(Attention conservation notice: about technicalities in deep reinforcement learning)
I was like “holy shit, these ‘A3C’ methods somehow achieve non-terrible performance immediately, their learning curves shoot up so fast they barely look like learning curves, what is this magic”
and then I looked up what “A3C” is, and apparently it’s an “asynchronous” method which just runs many copies of the environment at once, so when it says it’s experienced “1 episode” it really means “my N parallel workers have experienced N totally distinct episodes”
Is this correct??? If so it seems like it’s ruining a perfectly good metric – you used to be able to plot a learning curve and treat it as a measure of data efficiency, i.e. “this algorithm could do this well in this environment after only T timesteps of experience with it.” But now people are reporting N*T in place of T, for arbitrary N, so learning curves (in themselves) no longer say anything about data efficiency.
And like, data efficiency is kind of important?

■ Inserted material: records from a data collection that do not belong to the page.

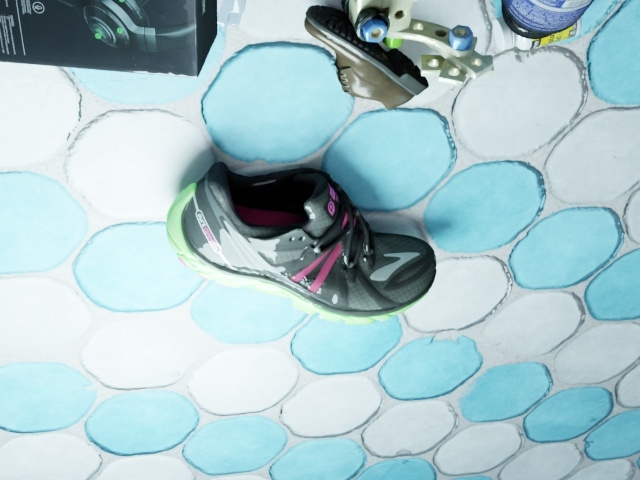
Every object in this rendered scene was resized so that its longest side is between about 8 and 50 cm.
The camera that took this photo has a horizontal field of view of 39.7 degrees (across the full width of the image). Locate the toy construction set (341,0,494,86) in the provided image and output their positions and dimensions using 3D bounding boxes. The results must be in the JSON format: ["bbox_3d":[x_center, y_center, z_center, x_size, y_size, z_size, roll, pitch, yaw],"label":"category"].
[{"bbox_3d":[0.144,-0.356,1.166,0.215,0.151,0.327,-13,128,-11],"label":"toy construction set"}]

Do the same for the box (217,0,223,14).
[{"bbox_3d":[-0.104,-0.400,1.029,0.063,0.067,0.324,12,127,-25],"label":"box"}]

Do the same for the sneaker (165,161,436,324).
[{"bbox_3d":[0.000,0.000,1.430,0.483,0.185,0.202,12,132,-27],"label":"sneaker"}]

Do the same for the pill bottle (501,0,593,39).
[{"bbox_3d":[0.303,-0.342,1.157,0.123,0.123,0.219,-15,174,-1],"label":"pill bottle"}]

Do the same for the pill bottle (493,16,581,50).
[{"bbox_3d":[0.315,-0.316,1.298,0.116,0.065,0.065,-15,135,0],"label":"pill bottle"}]

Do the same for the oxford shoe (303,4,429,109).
[{"bbox_3d":[0.051,-0.252,1.275,0.227,0.083,0.096,31,123,-35],"label":"oxford shoe"}]

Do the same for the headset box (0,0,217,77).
[{"bbox_3d":[-0.243,-0.323,0.970,0.283,0.131,0.246,5,126,3],"label":"headset box"}]

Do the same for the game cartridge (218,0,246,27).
[{"bbox_3d":[-0.225,-0.376,1.099,0.297,0.062,0.198,4,127,-19],"label":"game cartridge"}]
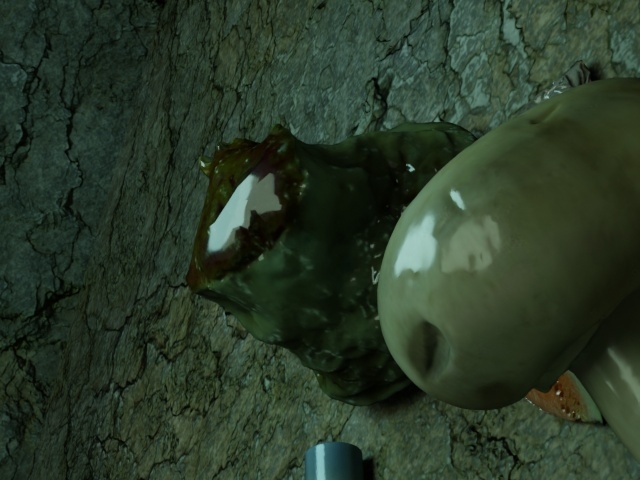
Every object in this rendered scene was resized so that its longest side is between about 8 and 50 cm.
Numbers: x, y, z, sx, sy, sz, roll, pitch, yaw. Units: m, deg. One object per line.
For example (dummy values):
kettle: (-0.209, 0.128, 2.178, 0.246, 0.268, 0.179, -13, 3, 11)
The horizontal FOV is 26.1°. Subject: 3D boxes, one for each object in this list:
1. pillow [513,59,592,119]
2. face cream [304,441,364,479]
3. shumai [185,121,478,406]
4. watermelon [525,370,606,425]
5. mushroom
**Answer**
pillow: (0.264, -0.078, 1.513, 0.135, 0.049, 0.248, -43, 41, 40)
face cream: (0.021, 0.374, 1.686, 0.077, 0.077, 0.250, -44, 39, 46)
shumai: (0.000, 0.000, 1.683, 0.397, 0.323, 0.324, -47, 37, 41)
watermelon: (0.233, 0.118, 1.453, 0.245, 0.063, 0.119, 21, 112, 60)
mushroom: (0.234, 0.014, 1.218, 0.353, 0.353, 0.325, -127, 44, -60)
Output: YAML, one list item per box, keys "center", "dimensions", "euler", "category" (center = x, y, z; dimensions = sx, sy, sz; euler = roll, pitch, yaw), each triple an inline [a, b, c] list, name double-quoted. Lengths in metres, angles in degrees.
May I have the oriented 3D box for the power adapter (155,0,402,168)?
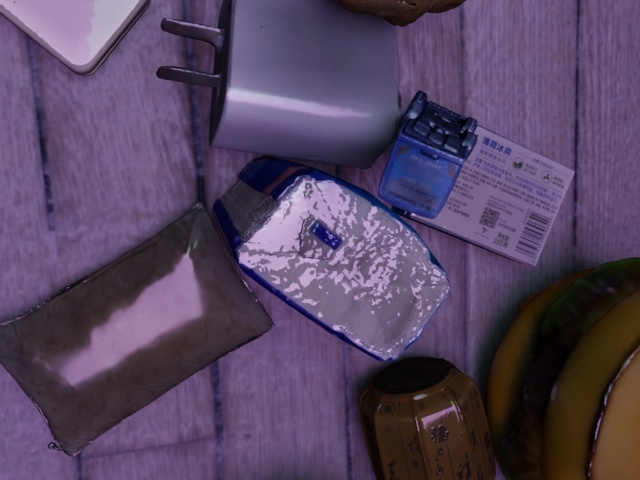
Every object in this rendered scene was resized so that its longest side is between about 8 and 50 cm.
- center: [-0.051, -0.191, 0.808]
  dimensions: [0.255, 0.124, 0.187]
  euler: [6, 70, -15]
  category: "power adapter"

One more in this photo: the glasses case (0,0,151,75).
- center: [-0.335, -0.319, 0.759]
  dimensions: [0.313, 0.070, 0.131]
  euler: [40, 88, -18]
  category: "glasses case"

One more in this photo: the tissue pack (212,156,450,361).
- center: [0.000, 0.000, 0.797]
  dimensions: [0.209, 0.269, 0.137]
  euler: [34, 93, -16]
  category: "tissue pack"

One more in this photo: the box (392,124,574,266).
- center: [0.211, -0.064, 0.945]
  dimensions: [0.194, 0.073, 0.139]
  euler: [21, 92, -17]
  category: "box"

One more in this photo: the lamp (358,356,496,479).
- center: [0.138, 0.255, 0.940]
  dimensions: [0.161, 0.161, 0.185]
  euler: [-19, 102, -11]
  category: "lamp"

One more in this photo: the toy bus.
- center: [0.112, -0.097, 0.773]
  dimensions: [0.079, 0.236, 0.094]
  euler: [29, 110, 2]
  category: "toy bus"

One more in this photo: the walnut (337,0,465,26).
- center: [0.077, -0.331, 0.729]
  dimensions: [0.198, 0.198, 0.245]
  euler: [-2, 67, -15]
  category: "walnut"

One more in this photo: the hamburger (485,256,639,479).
- center: [0.413, 0.234, 0.941]
  dimensions: [0.395, 0.277, 0.396]
  euler: [-2, 97, -15]
  category: "hamburger"

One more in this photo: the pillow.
- center: [-0.225, 0.108, 0.858]
  dimensions: [0.302, 0.075, 0.185]
  euler: [-32, 104, -9]
  category: "pillow"
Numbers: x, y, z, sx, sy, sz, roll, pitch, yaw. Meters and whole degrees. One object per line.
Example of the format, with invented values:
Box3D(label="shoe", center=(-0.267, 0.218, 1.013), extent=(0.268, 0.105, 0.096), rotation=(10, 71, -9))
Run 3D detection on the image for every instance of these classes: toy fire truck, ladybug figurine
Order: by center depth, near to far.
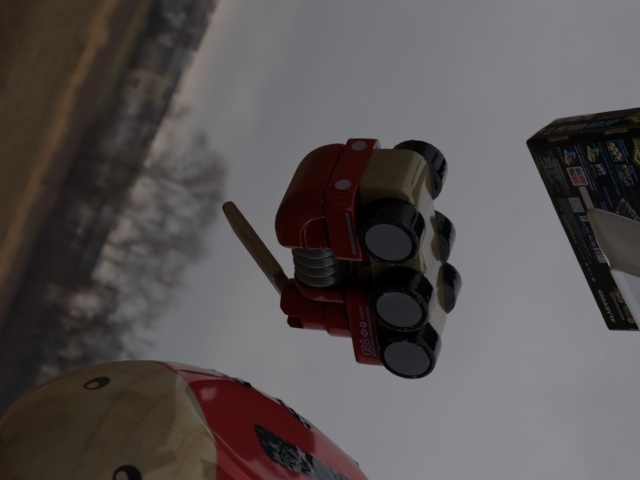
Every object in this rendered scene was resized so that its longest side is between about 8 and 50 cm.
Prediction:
Box3D(label="ladybug figurine", center=(-0.075, 0.230, 1.396), extent=(0.162, 0.449, 0.305), rotation=(-40, -128, 14))
Box3D(label="toy fire truck", center=(0.000, 0.000, 1.581), extent=(0.158, 0.246, 0.217), rotation=(-68, 155, -46))

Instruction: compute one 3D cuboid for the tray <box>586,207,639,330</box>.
Box3D(label="tray", center=(0.280, 0.076, 1.202), extent=(0.030, 0.145, 0.270), rotation=(-56, 143, -16))

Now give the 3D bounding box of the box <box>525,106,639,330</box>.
Box3D(label="box", center=(0.306, -0.017, 1.585), extent=(0.051, 0.220, 0.175), rotation=(-34, -164, -29))
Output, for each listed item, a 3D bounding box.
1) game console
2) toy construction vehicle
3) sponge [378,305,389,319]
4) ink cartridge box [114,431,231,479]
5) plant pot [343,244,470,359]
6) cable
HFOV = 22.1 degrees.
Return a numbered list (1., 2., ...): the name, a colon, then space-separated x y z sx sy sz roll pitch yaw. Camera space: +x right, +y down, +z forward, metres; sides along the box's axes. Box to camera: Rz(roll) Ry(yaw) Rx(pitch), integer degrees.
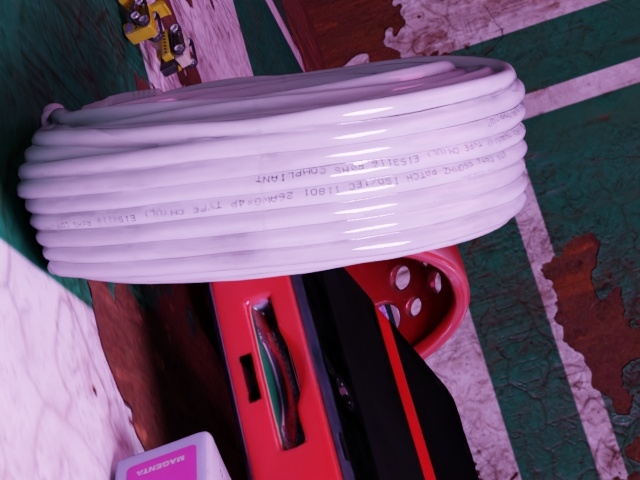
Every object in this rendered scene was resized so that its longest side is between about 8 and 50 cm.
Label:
1. game console: 0.051 0.193 0.991 0.342 0.060 0.387 50 20 -52
2. toy construction vehicle: -0.135 -0.172 1.283 0.086 0.035 0.098 49 19 -48
3. sponge: 0.032 0.169 1.388 0.031 0.117 0.210 10 -58 63
4. ink cartridge box: -0.041 0.249 0.737 0.311 0.065 0.186 -103 172 -62
5. plant pot: 0.000 0.000 1.261 0.191 0.191 0.174 64 5 -54
6. cable: -0.023 -0.036 0.823 0.257 0.257 0.089 -98 -179 -82
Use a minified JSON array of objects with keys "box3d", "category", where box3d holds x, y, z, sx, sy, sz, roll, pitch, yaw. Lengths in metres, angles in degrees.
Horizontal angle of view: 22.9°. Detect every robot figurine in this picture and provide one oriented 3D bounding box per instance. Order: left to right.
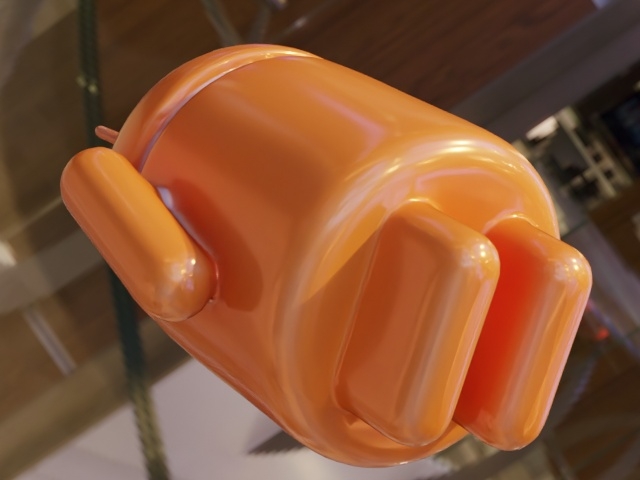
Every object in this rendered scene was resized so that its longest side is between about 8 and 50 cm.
[{"box3d":[-0.001,-0.001,0.580,0.219,0.158,0.128,32,-33,51],"category":"robot figurine"}]

Perhaps the most important thing? The asynchronous methods are computationally fast, which is important in the real world, yes. But another fact about the real world is, you don’t get to simultaneously interact with N copies of it and pool all that knowledge together. If your robot is based on an algorithm that requires it to have 200 separate timelines in which to try out different actions in parallel, your robot does not work, IRL.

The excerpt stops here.